Scan the material below, then work out how many of its lines contain the word "oriented"; reply with that number only.

**SOURCE INFORMATION**:
*** Block opens ***

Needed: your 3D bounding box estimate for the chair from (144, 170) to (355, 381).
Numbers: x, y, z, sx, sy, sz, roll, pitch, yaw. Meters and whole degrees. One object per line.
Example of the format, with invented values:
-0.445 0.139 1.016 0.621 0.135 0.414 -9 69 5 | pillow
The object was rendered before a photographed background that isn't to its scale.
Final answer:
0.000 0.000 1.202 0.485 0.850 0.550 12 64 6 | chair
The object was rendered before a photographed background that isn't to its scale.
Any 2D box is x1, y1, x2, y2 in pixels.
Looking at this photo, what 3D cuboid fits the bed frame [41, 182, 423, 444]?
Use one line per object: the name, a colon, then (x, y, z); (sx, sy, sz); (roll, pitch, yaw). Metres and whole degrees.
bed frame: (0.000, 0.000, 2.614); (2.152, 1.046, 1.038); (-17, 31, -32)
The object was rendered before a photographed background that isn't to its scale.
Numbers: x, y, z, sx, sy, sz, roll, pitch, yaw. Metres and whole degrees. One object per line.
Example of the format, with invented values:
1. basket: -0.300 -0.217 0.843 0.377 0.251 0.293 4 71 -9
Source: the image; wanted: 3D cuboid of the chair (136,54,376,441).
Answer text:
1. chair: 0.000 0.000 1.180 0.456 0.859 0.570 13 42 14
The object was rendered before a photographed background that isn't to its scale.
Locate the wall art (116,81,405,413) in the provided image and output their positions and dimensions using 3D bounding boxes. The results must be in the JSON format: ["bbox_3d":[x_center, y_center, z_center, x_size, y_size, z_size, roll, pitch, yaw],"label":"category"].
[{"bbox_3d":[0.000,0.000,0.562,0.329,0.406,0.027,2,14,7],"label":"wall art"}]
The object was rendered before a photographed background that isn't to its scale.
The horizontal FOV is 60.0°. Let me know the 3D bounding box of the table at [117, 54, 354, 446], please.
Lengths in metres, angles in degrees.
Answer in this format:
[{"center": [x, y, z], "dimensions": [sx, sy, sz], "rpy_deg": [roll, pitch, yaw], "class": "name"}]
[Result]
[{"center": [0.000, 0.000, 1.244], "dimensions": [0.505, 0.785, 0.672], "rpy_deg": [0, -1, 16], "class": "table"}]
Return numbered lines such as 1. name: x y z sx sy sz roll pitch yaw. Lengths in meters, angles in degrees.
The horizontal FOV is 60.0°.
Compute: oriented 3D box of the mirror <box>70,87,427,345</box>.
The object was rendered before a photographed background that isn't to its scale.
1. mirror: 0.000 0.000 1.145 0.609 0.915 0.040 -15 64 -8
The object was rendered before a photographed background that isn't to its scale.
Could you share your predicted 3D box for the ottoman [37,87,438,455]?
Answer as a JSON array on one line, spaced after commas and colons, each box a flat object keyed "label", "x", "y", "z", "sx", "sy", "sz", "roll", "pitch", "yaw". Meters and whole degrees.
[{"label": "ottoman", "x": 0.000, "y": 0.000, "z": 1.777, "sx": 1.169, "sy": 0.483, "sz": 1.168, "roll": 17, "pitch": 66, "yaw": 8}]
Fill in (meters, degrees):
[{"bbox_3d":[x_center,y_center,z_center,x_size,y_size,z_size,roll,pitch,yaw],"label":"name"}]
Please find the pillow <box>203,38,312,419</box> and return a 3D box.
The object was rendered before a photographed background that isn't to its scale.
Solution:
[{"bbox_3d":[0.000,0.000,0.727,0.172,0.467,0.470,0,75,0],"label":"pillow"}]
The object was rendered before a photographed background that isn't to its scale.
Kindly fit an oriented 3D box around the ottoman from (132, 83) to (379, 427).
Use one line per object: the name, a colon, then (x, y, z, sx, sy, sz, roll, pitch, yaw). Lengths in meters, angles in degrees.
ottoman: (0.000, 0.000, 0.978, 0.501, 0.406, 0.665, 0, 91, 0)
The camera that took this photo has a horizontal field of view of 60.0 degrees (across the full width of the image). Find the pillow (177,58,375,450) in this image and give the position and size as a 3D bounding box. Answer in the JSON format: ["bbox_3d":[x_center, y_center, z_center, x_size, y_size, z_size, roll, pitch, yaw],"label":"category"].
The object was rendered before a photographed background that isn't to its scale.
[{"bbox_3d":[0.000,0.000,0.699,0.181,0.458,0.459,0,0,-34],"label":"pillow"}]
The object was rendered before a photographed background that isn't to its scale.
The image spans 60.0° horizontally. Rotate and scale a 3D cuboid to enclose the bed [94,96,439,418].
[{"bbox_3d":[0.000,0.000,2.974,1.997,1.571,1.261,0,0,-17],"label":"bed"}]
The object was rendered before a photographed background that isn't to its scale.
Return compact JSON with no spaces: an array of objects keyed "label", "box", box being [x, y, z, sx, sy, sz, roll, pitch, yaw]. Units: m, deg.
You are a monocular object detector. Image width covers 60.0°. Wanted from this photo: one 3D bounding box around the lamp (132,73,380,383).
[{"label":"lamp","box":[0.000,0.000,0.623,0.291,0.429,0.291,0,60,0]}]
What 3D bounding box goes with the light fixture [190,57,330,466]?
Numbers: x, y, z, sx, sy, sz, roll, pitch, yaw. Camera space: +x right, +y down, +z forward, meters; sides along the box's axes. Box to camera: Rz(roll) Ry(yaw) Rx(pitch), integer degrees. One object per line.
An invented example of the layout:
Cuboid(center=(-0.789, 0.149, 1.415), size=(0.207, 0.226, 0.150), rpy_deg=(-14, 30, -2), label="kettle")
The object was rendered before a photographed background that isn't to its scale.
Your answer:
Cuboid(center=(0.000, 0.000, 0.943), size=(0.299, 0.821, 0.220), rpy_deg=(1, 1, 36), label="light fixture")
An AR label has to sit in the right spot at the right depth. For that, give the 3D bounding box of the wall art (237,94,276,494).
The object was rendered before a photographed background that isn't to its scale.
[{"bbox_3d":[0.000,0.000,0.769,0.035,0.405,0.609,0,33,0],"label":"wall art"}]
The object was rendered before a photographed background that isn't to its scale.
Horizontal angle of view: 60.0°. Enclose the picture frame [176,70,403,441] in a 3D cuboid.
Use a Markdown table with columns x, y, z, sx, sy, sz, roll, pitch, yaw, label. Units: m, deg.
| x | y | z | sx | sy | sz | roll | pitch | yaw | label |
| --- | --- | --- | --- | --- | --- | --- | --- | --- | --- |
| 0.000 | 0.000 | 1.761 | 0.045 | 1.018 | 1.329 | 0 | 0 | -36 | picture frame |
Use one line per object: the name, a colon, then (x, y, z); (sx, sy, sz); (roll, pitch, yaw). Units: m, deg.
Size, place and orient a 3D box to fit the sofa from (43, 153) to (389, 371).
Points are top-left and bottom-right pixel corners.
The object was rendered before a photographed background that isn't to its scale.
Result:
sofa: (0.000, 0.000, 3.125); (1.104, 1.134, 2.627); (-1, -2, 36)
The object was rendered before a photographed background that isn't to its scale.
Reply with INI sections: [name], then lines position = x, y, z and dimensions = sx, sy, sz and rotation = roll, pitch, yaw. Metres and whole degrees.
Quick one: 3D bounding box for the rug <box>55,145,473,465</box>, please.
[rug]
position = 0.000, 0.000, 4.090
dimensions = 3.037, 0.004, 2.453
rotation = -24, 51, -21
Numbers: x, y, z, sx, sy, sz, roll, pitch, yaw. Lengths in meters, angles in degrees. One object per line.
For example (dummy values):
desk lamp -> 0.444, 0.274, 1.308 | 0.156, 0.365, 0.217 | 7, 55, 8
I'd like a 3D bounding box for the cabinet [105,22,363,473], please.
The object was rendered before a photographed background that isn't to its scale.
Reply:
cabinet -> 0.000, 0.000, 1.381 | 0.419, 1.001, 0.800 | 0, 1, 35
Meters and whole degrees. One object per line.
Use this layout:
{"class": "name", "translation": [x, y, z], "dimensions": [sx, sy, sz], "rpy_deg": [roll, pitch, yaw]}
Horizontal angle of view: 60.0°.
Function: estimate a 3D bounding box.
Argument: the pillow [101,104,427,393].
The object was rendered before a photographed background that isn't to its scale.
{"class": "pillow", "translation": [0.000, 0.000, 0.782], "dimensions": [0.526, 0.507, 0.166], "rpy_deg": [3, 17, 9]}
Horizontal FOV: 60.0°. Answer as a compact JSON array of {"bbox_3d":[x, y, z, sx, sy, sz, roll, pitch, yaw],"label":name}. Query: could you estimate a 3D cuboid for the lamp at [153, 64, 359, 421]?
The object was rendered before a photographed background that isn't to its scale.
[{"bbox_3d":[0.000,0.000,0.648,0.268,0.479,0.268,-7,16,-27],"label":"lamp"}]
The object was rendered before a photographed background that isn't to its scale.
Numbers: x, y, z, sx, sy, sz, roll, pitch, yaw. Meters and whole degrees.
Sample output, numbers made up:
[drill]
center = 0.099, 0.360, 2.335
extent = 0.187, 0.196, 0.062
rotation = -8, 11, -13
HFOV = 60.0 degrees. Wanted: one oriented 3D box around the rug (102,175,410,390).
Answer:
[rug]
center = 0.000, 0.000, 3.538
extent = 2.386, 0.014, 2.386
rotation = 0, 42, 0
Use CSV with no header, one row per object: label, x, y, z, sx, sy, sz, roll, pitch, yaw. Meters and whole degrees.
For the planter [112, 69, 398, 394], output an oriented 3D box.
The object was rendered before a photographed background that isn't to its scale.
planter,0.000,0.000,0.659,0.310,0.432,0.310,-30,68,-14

*** Block closes ***

**ANSWER SPACE**:
4